▸ **INSTRUCTIONS FOR THE TASK**
Across all the records, filter for lines with the word "blocks" and copy them.

[Dataset entries]
----

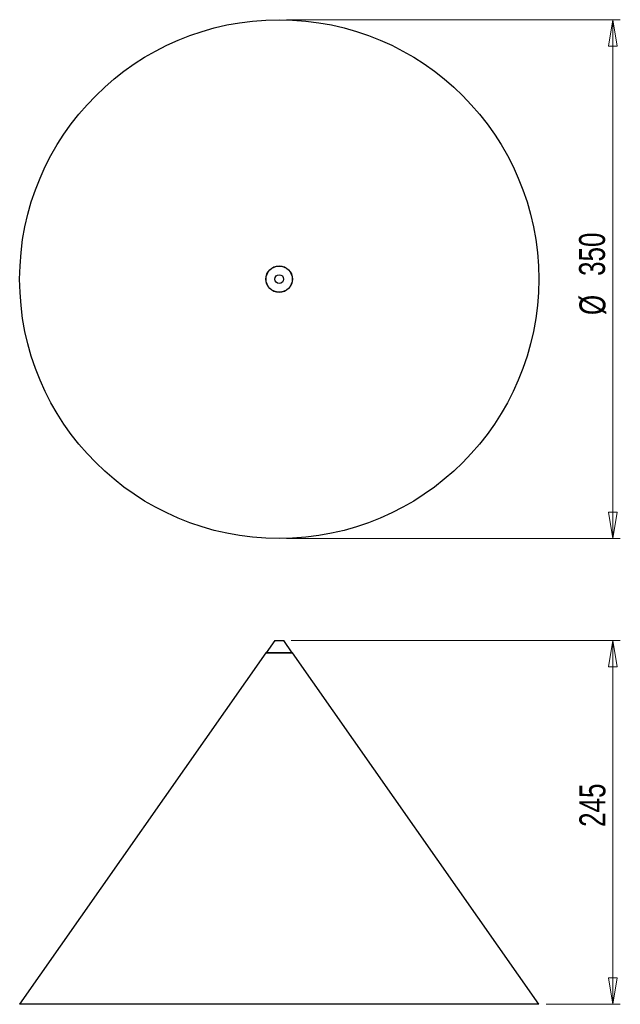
# Model space of a CAD drawing. Header units: millimetres. Extents: x 67 to 148, y 70 to 202.
import ezdxf

# ---------------------------------------------------------------- set-up
doc = ezdxf.new("R2010")
doc.units = ezdxf.units.MM
doc.styles.add('SLDTEXTSTYLE0', font='TXT', dxfattribs={"width": 0.75})
doc.dimstyles.new('SLDDIMSTYLE0', dxfattribs={"dimtxt": 3.5, "dimasz": 3.556, "dimexe": 0, "dimexo": 0.0625, "dimgap": 0.875, "dimtad": 1, "dimdec": 0, "dimlfac": 5, "dimrnd": 1e-09, "dimzin": 12, "dimdsep": 46, "dimtxsty": 'SLDTEXTSTYLE0', "dimblk1": 'CLOSED', "dimblk2": 'CLOSED', "dimsah": 1, "dimcen": 0.09, "dimadec": 0, "dimazin": 3, "dimtfac": 1, "dimtdec": 0, "dimtofl": 0, "dimtmove": 0, "dimatfit": 3, "dimldrblk": 'CLOSED', "dimfxl": 0, "dimfrac": 2, "dimtolj": 1, "dimtzin": 12, "dimarcsym": 0})

# ---------------------------------------------------------------- blocks, each defined once
blk = doc.blocks.new('_Closed')
at = {"color": 0, "linetype": 'ByBlock', "lineweight": -2}
for p, q in [((-1, 0.166667), (0, 0)), ((-1, 0.166667), (-1, -0.166667)), ((0, 0), (-1, -0.166667)), ((0, 0), (-1, 0))]:
    blk.add_line(p, q, dxfattribs=at)
blk = doc.blocks.new('_D')
at = {"color": 7, "linetype": 'Continuous', "lineweight": 0}
for p, q in [((103.91, 118.61), (148.3, 118.61)), ((147.3, 69.52), (147.3, 118.61)), ((138.3, 69.52), (148.3, 69.52))]:
    blk.add_line(p, q, dxfattribs=at)
at = {"color": 7, "linetype": 'Continuous', "lineweight": 18, "xscale": 3.556, "yscale": 3.556}
for p, rotation in [((147.3, 118.61, -40), 90.0000000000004), ((147.3, 69.52, -40), 270.0000000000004)]:
    blk.add_blockref('_Closed', p, dxfattribs=dict(at, rotation=rotation))
at = {"color": 7, "linetype": 'Continuous', "lineweight": 18, "insert": (142.79, 93.45), "char_height": 3.5, "attachment_point": 1, "rotation": 90, "style": 'SLDTEXTSTYLE0'}
blk.add_mtext('245', dxfattribs=at)
blk = doc.blocks.new('_D_1')
at = {"color": 7, "linetype": 'Continuous', "lineweight": 0}
for p, q in [((103.3, 202.35), (148.3, 202.35)), ((147.3, 202.35), (147.3, 132.35)), ((103.3, 132.35), (148.3, 132.35))]:
    blk.add_line(p, q, dxfattribs=at)
at = {"color": 7, "linetype": 'Continuous', "lineweight": 18, "xscale": 3.556, "yscale": 3.556}
for p, rotation in [((147.3, 202.35, 26.12), 90.0000000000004), ((147.3, 132.35, 26.12), 270.0000000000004)]:
    blk.add_blockref('_Closed', p, dxfattribs=dict(at, rotation=rotation))
at = {"color": 7, "linetype": 'Continuous', "lineweight": 18, "char_height": 3.5, "attachment_point": 1, "rotation": 90, "style": 'SLDTEXTSTYLE0'}
for s, insert in [('350', (142.74, 167.78)), ('%%c', (142.79, 162.5))]:
    blk.add_mtext(s, dxfattribs=dict(at, insert=insert))

msp = doc.modelspace()

# ---------------------------------------------------------------- linework, layer by layer
at = {"color": 7, "linetype": 'Continuous', "lineweight": 25}
for p, q in [((101.7, 118.61), (100.53, 116.94)), ((101.7, 118.61), (102.88, 118.61)), ((102.88, 118.61), (102.91, 118.61)), ((104.07, 116.94), (102.91, 118.61)), ((100.5, 116.94), (67.3, 69.52)), ((104.1, 116.94), (100.5, 116.94)), ((100.53, 116.94), (103.99, 116.94)), ((101.3, 116.94), (101.3, 116.94)), ((103.3, 116.94), (103.3, 116.94)), ((103.99, 116.94), (104.07, 116.94)), ((137.3, 69.52), (104.1, 116.94)), ((137.3, 69.52), (67.3, 69.52))]:
    msp.add_line(p, q, dxfattribs=at)
for radius in [35, 1.8, 1.77, 0.601]:
    msp.add_circle((102.3, 167.35), radius, dxfattribs=at)

# ---------------------------------------------------------------- dimensions: what is measured, and where the dimension line sits
at = {"color": 7, "linetype": 'Continuous', "lineweight": 18}
dim = msp.add_linear_dim(base=(147.3, 132.35), p1=(102.3, 202.35), p2=(102.3, 132.35), angle=90, text='%%c<>', dimstyle='SLDDIMSTYLE0', dxfattribs=at)
dim.commit()
dim.dimension.update_dxf_attribs({"geometry": '_D_1', "text_midpoint": (147.3, 169.02), "dimtype": 160})
dim = msp.add_linear_dim(base=(147.3, 118.61), p1=(137.3, 69.52), p2=(102.91, 118.61), angle=90, dimstyle='SLDDIMSTYLE0', dxfattribs=at)
dim.commit()
dim.dimension.update_dxf_attribs({"geometry": '_D', "text_midpoint": (147.3, 97.33), "dimtype": 160})

doc.saveas('drawing.dxf')

----

▸ **EXERCISE ANSWER**
# ---------------------------------------------------------------- blocks, each defined once
blk = doc.blocks.new('_Closed')
blk = doc.blocks.new('_D')
blk = doc.blocks.new('_D_1')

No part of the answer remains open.